On the left side of the equal sign, the fraction cancels. On the right side, we have a complex fraction and multiply by the reciprocal of the coefficient. You can save a step by recognizing this and start by multiplying both sides of the equation by the reciprocal of the coefficient.

Recall that the product of reciprocals is 1, in this case $\frac{4}{3} \cdot \frac{3}{4} = 1$ , leaving the variable isolated.

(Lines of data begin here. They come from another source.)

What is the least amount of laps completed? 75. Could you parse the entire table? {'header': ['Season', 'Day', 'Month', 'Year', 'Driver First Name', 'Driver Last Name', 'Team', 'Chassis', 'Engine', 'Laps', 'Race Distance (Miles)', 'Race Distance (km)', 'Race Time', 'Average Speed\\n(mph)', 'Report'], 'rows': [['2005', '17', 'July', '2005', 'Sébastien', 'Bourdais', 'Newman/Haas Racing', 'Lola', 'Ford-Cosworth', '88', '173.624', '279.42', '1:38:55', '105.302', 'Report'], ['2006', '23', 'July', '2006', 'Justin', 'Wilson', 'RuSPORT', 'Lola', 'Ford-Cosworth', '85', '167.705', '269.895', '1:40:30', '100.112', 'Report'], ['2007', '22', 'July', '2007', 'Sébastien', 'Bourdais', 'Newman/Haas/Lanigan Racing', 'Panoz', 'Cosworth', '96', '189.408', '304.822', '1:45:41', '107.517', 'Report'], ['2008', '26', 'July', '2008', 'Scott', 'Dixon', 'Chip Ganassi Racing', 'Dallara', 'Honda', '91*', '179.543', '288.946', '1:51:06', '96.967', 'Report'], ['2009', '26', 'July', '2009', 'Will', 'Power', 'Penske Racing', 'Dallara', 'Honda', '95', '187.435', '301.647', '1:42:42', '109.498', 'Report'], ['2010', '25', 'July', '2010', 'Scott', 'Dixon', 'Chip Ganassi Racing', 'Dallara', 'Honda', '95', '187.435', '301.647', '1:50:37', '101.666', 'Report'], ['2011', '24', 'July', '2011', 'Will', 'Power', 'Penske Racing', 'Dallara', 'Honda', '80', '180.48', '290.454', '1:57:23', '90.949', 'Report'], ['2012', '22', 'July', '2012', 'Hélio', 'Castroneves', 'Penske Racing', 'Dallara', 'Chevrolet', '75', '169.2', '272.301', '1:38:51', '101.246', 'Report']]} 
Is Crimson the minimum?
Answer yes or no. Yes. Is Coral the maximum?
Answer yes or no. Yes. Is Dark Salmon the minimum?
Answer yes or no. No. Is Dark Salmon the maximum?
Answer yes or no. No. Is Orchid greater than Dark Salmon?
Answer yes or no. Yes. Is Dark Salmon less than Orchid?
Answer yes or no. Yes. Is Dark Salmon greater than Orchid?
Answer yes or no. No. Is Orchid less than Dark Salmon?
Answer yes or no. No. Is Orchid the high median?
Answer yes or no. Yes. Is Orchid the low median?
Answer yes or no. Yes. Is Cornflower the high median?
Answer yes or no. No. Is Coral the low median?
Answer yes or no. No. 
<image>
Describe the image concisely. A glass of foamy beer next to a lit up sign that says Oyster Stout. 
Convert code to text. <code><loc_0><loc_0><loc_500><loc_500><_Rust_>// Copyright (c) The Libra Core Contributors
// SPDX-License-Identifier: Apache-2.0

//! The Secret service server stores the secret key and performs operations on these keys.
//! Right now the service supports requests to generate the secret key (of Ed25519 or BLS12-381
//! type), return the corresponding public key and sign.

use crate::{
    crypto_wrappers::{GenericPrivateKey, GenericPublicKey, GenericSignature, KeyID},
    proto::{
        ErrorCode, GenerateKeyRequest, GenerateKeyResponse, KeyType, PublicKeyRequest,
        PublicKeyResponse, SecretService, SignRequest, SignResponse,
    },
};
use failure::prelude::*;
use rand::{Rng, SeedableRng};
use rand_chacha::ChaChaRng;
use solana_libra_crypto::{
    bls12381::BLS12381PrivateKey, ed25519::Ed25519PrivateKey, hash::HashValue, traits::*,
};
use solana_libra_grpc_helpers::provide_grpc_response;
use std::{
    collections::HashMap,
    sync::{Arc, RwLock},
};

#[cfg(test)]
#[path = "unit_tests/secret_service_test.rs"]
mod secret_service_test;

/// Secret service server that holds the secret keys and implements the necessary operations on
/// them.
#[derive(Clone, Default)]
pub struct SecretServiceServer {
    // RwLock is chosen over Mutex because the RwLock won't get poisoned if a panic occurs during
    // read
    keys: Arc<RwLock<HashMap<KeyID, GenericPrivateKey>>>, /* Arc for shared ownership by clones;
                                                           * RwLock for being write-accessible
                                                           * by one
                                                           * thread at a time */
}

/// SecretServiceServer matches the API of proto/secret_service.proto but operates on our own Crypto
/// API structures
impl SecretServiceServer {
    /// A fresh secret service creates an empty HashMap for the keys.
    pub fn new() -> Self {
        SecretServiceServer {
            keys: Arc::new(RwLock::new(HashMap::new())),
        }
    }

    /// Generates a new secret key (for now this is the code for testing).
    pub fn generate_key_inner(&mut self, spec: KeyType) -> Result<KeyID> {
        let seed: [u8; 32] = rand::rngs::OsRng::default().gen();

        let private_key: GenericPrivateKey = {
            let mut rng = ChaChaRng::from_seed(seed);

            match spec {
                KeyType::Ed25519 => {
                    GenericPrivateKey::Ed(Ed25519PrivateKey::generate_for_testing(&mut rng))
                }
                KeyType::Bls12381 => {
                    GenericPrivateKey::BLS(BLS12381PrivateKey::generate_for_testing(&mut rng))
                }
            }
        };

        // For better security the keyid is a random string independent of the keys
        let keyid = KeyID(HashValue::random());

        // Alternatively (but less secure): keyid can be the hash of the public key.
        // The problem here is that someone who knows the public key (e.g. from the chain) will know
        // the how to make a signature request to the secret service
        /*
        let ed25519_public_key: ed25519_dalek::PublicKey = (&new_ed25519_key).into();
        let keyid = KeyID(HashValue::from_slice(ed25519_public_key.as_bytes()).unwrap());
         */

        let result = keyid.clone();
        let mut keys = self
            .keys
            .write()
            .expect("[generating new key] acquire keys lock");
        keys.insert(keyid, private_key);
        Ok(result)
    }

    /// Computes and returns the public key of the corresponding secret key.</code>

Example 12: Solve: $\frac{5}{3} x + 2 = - 8$ .

Solution: Isolate the variable term using the addition property of equality and then multiply both sides of the equation by the reciprocal of the coefficient $\frac{5}{3}$ .

Answer: The solution is −6.

Example 13: Solve: $- \frac{4}{5} x - 5 = 15$ .

Solution:

The reciprocal of $- \frac{4}{5}$ is $- \frac{5}{4}$ because $(- \frac{5}{4}) (- \frac{4}{5}) = + \frac{20}{20} = 1$ . Therefore, to isolate the variable x, multiply both sides by $- \frac{5}{4}$ .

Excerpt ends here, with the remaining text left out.